Communication between two LoRa end node devices can occur seamlessly. Both end node devices include the LoRa E5 Mini Board, which quickly switches between sending and receiving messages – making two-way communication possible.
In this configuration, communication begins with a device sending a message and waiting for confirmation. Upon receipt, the receiving device sends a response confirming that the message was received. This simple exchange shows how efficient and reliable LoRa technology is for communication.
Initial communication between LoRa E5 Mini Boards.
Abstract
- Identify the original ST-Link
- Upload the code for the Lora E5 Mini Board
- Learn to send and receive messages
- Learn how to program the flow or algorithm
Requirements
- Lora E5 mini card from Seed Studio
Loading the code
The code is carefully crafted so that the LoRa E5 Mini efficiently receives data through a universal asynchronous receiver transmitter (UART). It then sends this data to another node device.
For simplicity, a project file and corresponding hex file are included.
The hexadecimal file is uploaded directly to the LoRa E5 Mini Board, making the installation process more efficient. This approach ensures a user-friendly experience when using all the features of the LoRa E5 Mini.
However, the project file requires compilation in the STM32cube IDE before it can be loaded onto the E5 Mini Board.
Here are the steps…
1. Locating a genuine ST-Link V2 is important for LoRa code as ST-Link clone variants may not be compatible. This means that it is necessary to recognize the original ST-Link. A reliable method of identification involves examining the hardware components.
After thorough analysis, a genuine ST-Link V2 has an STM chip, indicating authenticity. Clones are typically imported from China and have a slightly different appearance.
This project requires a smooth “flashing process”, which occurs reliably with a genuine ST-Link with STM chip (see image below). Knowing the difference will ensure compatibility and proper programming.
An original ST-Link V2.
2. Connect five wires to the LoRa E5 Mini Board as shown in the image below, including 3V3, SWDIO, SWCLK, RST and GND.
The ST-Link connection for LORAE5.
3. Open the STM32CUBE Programmer and click the 'Disconnect' button.
The 'Disconnect' target from the STM32CUBE programmer.
4. Select the hex file by clicking the Open File tab.
An open hexadecimal file.
5. Click on the 'Download' button to upload the code.
The code upload process.
6. Once a pop-up appears, the download process has completed and occurred correctly.
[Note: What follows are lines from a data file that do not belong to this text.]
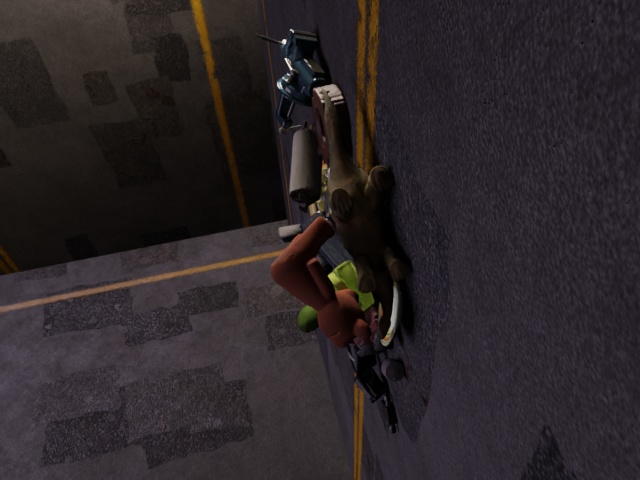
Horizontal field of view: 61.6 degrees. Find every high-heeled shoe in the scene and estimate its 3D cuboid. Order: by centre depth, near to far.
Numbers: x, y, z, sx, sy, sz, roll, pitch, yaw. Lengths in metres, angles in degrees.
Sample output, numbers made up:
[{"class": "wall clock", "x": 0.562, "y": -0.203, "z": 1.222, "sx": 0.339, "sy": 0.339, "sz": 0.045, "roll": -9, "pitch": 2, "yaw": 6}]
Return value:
[{"class": "high-heeled shoe", "x": 0.058, "y": 0.173, "z": 1.192, "sx": 0.086, "sy": 0.145, "sz": 0.248, "roll": -15, "pitch": 68, "yaw": 44}]

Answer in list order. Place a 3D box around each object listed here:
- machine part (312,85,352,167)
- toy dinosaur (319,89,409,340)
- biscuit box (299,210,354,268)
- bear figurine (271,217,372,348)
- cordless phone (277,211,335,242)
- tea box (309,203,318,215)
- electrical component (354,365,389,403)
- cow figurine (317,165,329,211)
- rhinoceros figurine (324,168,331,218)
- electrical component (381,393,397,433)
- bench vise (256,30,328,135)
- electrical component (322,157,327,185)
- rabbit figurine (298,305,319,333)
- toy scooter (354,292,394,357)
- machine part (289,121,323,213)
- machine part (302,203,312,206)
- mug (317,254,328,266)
[{"class": "machine part", "x": 0.023, "y": -0.249, "z": 1.176, "sx": 0.179, "sy": 0.056, "sz": 0.179, "roll": 169, "pitch": 89, "yaw": -82}, {"class": "toy dinosaur", "x": 0.062, "y": -0.060, "z": 0.943, "sx": 0.198, "sy": 0.105, "sz": 0.471, "roll": 144, "pitch": 115, "yaw": -84}, {"class": "biscuit box", "x": 0.038, "y": 0.023, "z": 1.154, "sx": 0.203, "sy": 0.063, "sz": 0.059, "roll": 49, "pitch": 177, "yaw": 33}, {"class": "bear figurine", "x": 0.016, "y": 0.079, "z": 0.912, "sx": 0.196, "sy": 0.132, "sz": 0.120, "roll": 41, "pitch": 147, "yaw": -3}, {"class": "cordless phone", "x": -0.002, "y": -0.003, "z": 1.263, "sx": 0.147, "sy": 0.184, "sz": 0.088, "roll": -107, "pitch": 13, "yaw": -46}, {"class": "tea box", "x": 0.013, "y": -0.074, "z": 1.522, "sx": 0.170, "sy": 0.068, "sz": 0.098, "roll": -121, "pitch": 21, "yaw": -75}, {"class": "electrical component", "x": 0.110, "y": 0.331, "z": 1.299, "sx": 0.119, "sy": 0.048, "sz": 0.074, "roll": 49, "pitch": 164, "yaw": 14}, {"class": "cow figurine", "x": 0.022, "y": -0.123, "z": 1.382, "sx": 0.098, "sy": 0.068, "sz": 0.167, "roll": 69, "pitch": -173, "yaw": -60}, {"class": "rhinoceros figurine", "x": 0.048, "y": -0.106, "z": 1.170, "sx": 0.190, "sy": 0.073, "sz": 0.112, "roll": 114, "pitch": 151, "yaw": -81}, {"class": "electrical component", "x": 0.161, "y": 0.402, "z": 1.265, "sx": 0.063, "sy": 0.021, "sz": 0.094, "roll": -148, "pitch": 47, "yaw": -82}, {"class": "bench vise", "x": -0.066, "y": -0.374, "z": 1.308, "sx": 0.224, "sy": 0.129, "sz": 0.240, "roll": 50, "pitch": 135, "yaw": 28}, {"class": "electrical component", "x": 0.035, "y": -0.156, "z": 1.284, "sx": 0.078, "sy": 0.045, "sz": 0.102, "roll": -109, "pitch": 10, "yaw": -61}, {"class": "rabbit figurine", "x": 0.015, "y": 0.201, "z": 1.534, "sx": 0.121, "sy": 0.170, "sz": 0.159, "roll": 88, "pitch": 168, "yaw": -54}, {"class": "toy scooter", "x": 0.105, "y": 0.165, "z": 1.106, "sx": 0.183, "sy": 0.075, "sz": 0.135, "roll": 108, "pitch": 150, "yaw": -71}, {"class": "machine part", "x": -0.032, "y": -0.178, "z": 1.298, "sx": 0.079, "sy": 0.079, "sz": 0.243, "roll": 94, "pitch": 178, "yaw": -68}, {"class": "machine part", "x": -0.032, "y": -0.127, "z": 1.397, "sx": 0.139, "sy": 0.039, "sz": 0.084, "roll": -64, "pitch": -33, "yaw": -81}, {"class": "mug", "x": -0.005, "y": 0.091, "z": 1.260, "sx": 0.107, "sy": 0.081, "sz": 0.110, "roll": -66, "pitch": 14, "yaw": 9}]

The download process is complete.
How to send and receive messages
Sending and receiving messages.
Connect the device to a computer and open the 'Serial Terminal'. The Arduino Serial Terminal is used as a demonstration below.
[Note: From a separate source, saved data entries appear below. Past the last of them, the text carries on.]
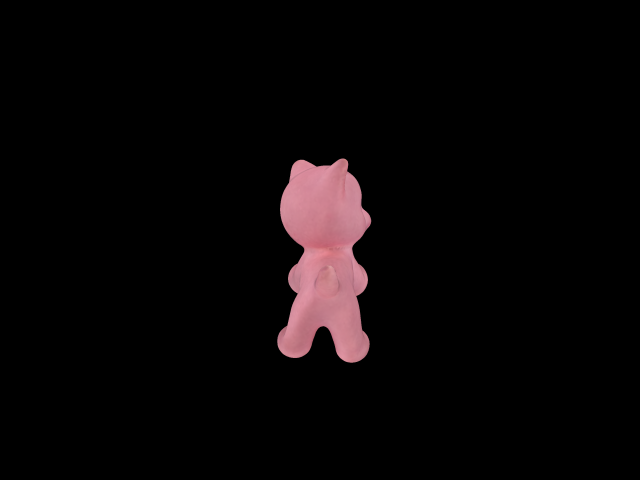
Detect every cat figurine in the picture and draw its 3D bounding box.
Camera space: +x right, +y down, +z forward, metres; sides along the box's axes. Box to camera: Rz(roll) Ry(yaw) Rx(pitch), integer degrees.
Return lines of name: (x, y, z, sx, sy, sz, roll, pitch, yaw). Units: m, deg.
cat figurine: (0.004, 0.001, 0.400, 0.067, 0.118, 0.127, 0, 39, 0)
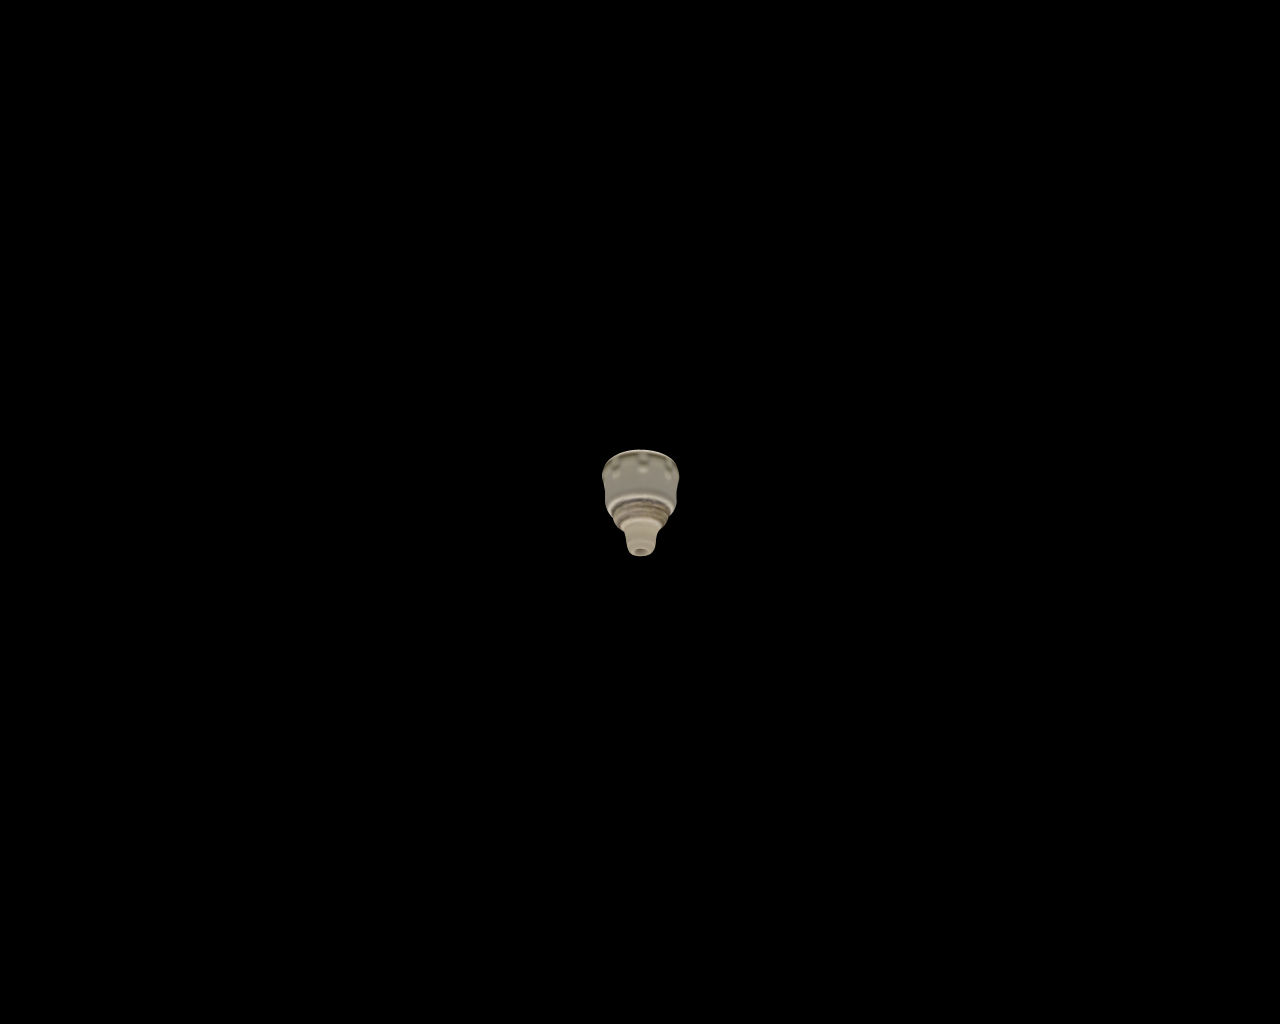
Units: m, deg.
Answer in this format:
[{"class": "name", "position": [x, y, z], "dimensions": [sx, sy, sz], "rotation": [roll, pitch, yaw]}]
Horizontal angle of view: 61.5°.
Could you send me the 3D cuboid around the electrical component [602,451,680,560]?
[{"class": "electrical component", "position": [0.001, -0.003, 0.650], "dimensions": [0.048, 0.062, 0.048], "rotation": [0, -27, 0]}]
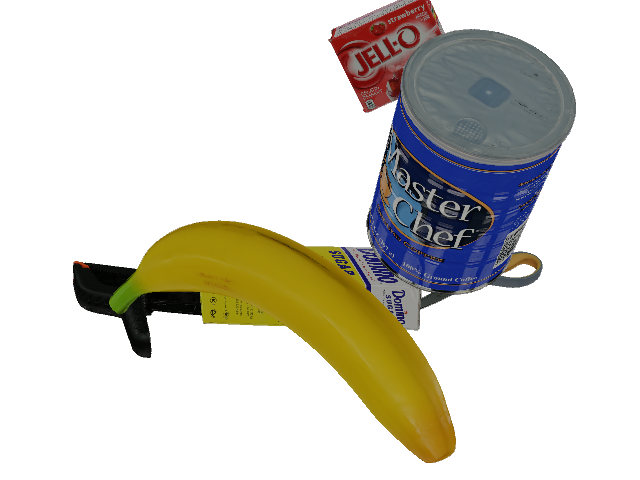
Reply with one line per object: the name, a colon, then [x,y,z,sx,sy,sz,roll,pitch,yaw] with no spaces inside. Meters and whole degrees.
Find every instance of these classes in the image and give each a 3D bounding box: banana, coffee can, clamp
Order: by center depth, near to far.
banana: [-0.015,0.035,0.512,0.198,0.070,0.037,23,21,27]
coffee can: [0.090,-0.046,0.671,0.102,0.103,0.140,0,-35,-8]
clamp: [-0.193,0.065,1.111,0.210,0.036,0.164,16,20,29]

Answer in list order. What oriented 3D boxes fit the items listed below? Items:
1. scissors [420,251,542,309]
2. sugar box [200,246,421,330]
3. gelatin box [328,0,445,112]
scissors: [0.147,0.031,1.133,0.201,0.016,0.096,-9,41,-29]
sugar box: [-0.008,0.036,0.884,0.176,0.048,0.093,-1,19,0]
gelatin box: [0.062,-0.158,0.897,0.089,0.073,0.030,-21,26,17]

1. Connect the device to the respective port and open the Serial Terminal, Baud Rate 9600, and select 'NL' and 'CR' as shown in the image.
The serial terminals.
2. Send any message from one serial terminal and it should appear on the second terminal. If the sender receives the response, “ SENT CONFIRMED!! ”The message was received successfully.
Communication between Serial Terminals.
The algorithm
A block diagram of the complete algorithm.
Understanding the code
1. When the code starts, it 'starts listening on the UART' and 'starts receiving' on the Lora.
“Listen” on the UART.
Lora RX began.
2. Below is the CMD_GetChar function, which will be called when there is data on the UART. When this occurs, the UART stores until '\n' is detected. It then sends the stored buffer to LoRa.
The UART function.
3. If there is no response from the receiving device, this function will be called…
The timeout.
4. When the device receives data in LoRa, it prints the RSSI and SNR values.
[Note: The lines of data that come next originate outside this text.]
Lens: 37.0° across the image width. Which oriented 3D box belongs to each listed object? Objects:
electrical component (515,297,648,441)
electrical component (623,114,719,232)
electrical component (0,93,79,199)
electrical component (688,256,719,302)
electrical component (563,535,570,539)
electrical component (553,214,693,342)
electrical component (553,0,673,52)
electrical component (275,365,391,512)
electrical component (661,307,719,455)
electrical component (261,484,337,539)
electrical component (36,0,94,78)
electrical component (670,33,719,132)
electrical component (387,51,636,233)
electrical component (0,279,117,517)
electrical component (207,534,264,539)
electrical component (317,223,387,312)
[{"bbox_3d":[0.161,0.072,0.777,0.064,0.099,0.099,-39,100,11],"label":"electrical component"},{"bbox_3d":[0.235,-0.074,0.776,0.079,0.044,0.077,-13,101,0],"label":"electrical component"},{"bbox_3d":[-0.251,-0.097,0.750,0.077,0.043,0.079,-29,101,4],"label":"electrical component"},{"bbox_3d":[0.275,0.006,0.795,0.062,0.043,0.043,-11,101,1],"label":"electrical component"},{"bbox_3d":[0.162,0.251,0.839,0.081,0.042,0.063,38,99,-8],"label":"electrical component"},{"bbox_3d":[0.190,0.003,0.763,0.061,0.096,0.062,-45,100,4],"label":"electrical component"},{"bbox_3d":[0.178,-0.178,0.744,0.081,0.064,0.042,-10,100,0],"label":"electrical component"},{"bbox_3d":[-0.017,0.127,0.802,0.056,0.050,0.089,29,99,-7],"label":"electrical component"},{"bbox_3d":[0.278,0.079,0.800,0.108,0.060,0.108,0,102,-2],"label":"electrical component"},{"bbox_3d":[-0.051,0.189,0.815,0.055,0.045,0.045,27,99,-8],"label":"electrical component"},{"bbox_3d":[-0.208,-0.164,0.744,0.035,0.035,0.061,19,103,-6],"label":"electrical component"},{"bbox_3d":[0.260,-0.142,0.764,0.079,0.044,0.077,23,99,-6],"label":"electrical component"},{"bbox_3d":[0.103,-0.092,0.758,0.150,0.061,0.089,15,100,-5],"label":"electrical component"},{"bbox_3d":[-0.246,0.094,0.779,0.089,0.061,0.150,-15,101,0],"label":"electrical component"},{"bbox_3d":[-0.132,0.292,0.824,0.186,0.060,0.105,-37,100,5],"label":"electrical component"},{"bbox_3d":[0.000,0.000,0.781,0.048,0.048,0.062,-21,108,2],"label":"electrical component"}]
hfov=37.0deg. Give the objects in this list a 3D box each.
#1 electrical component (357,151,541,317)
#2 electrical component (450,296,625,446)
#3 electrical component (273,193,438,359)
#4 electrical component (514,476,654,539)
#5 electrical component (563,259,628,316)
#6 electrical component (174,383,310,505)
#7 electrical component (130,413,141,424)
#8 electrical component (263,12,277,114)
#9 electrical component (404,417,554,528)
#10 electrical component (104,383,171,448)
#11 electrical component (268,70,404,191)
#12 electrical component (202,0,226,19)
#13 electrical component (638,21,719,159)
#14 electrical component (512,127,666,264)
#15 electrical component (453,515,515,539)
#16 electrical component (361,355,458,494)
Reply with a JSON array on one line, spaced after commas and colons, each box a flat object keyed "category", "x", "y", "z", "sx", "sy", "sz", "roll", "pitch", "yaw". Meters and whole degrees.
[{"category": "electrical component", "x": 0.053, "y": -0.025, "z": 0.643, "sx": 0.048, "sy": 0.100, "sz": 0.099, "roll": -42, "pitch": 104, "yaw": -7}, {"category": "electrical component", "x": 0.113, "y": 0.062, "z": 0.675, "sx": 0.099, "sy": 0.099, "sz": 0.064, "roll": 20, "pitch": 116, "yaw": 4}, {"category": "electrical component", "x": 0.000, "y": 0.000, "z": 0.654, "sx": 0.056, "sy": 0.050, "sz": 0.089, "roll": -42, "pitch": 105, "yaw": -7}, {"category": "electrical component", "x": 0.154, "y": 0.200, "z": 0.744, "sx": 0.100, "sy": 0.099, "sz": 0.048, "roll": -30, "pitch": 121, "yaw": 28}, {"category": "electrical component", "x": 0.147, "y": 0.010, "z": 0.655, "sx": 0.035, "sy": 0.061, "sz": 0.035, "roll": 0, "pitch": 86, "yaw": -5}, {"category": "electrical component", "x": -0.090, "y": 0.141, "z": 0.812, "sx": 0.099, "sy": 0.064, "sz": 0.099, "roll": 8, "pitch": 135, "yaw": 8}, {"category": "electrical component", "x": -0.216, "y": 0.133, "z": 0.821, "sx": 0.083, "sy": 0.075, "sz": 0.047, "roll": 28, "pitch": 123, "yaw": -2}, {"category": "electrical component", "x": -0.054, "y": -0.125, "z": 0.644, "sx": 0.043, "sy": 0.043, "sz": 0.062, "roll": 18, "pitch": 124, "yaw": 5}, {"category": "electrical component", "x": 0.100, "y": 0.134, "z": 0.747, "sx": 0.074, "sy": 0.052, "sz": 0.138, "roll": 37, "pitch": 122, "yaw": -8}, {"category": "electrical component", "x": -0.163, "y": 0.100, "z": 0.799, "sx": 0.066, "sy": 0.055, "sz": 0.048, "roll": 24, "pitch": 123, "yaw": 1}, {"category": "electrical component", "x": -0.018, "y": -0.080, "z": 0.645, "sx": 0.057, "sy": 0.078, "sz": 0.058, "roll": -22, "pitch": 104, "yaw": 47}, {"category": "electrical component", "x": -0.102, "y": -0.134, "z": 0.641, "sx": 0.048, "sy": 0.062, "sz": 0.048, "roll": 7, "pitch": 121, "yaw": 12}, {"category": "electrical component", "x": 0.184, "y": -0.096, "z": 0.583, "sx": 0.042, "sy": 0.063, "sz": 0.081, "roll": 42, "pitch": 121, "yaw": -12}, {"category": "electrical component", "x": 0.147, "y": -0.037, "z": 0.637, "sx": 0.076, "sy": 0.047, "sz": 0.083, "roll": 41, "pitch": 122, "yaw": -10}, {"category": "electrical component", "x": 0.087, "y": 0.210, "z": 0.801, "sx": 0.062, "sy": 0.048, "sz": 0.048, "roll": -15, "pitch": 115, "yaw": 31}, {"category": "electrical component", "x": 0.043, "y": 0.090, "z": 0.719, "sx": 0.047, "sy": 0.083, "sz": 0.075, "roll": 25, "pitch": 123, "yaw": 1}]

The printed RSSI and SNR values.
5. When the device receives data via LoRa, it compares the string. If the string is '*' then the message has been acknowledged. If there is some other string meaning, it will print the message in serial and send '*' to another device to confirm that the message was received.
The message handling process in LoRa.
The messaging device
The messaging device example above can go from a simple idea to a real process with practical improvements. The integration of screen, keyboard and battery makes it significantly more portable and valuable, allowing for better user interaction.
Implementing a low-power sleep mode can extend the battery life of your device. This would be ideal in remote areas without reliable internet access. The device can ensure smooth data exchanges.
For greater security, messages can be transformed into secret codes, ensuring private communication. Using an encryption method keeps data secure and prevents unauthorized entry, making the device more secure.
These improvements allow the device to become a reliable tool for connecting in remote locations, providing a form of communication that would not otherwise exist.